Vista is the worst piece of crap MS has ever released and yes, I remember BOB, Clippy and Windows ME - those were far better products than Vista. At least MS knew when to call it quits with Windows ME and BOB - no service packs, no prolonged life - no iron lung - just let it go DNR.

When tire manufacturers manufacture something as defective as Vista - they go out of business. Other companies would have stopped producing a product as damaged as this (unless they are produced in China where regulations are a little looser but in the end the person in charge might take a bullet to the head - just something to think about, Steve).

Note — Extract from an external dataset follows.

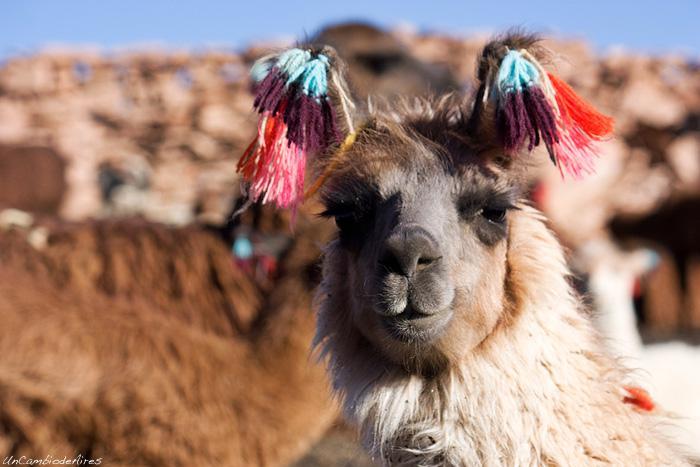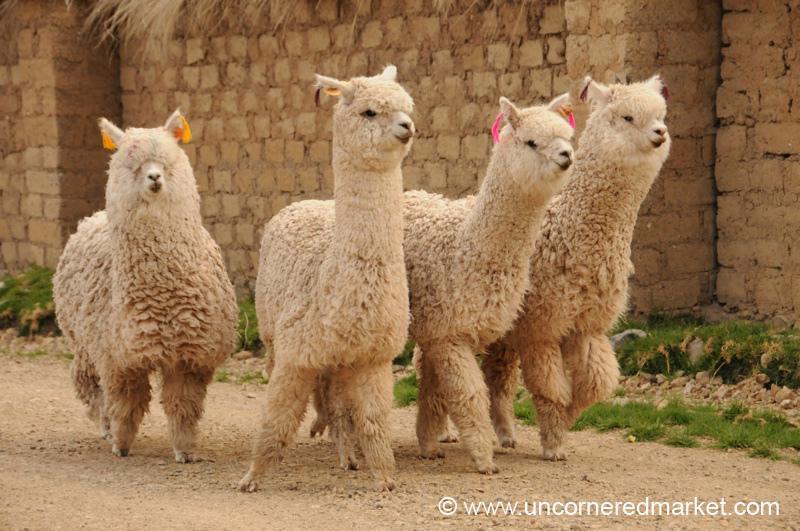The first image is the image on the left, the second image is the image on the right. Evaluate the accuracy of this statement regarding the images: "At least one photo shows an animal with brightly colored tassels near its ears.". Is it true? Answer yes or no. Yes. The first image is the image on the left, the second image is the image on the right. Given the left and right images, does the statement "One of the images shows a llama with multicolored yarn decorations hanging from its ears." hold true? Answer yes or no. Yes.

I haven't given up on MS yet although I sure don't get the warm fuzzies about Ballmer - makes me long for the cuddly days of Bill Gates. Anyone remember MS spending nearly as much time, effort or money trying to get another product off the ground? Time to let this lead zepplin crash - just my opinion of course.

I used Vista Beta for at

I used Vista Beta for at least 9 months prior to its release, and was horrified at the problems at first. Within a month or so into the beta, they improved, and then improved even more with one of the final release candidates.
The day Vista shipped, I bought the Ultimate version and was disappointed in HP drivers and a few other quarks that had developed. However, when Creative, HP, and Nvidia posted new drivers, my system returned to smooth sailing. I am now using SP1 beta and loving it even more…
However, I know there will always be someone out there who feels like installing software without reading the directions, without ensuring their system is compatible, and without do their updates first, and then complaining when all doesn’t work as it should. It is really sad that SP1 is delayed, but I think this move from MS proves they are doing everything they can!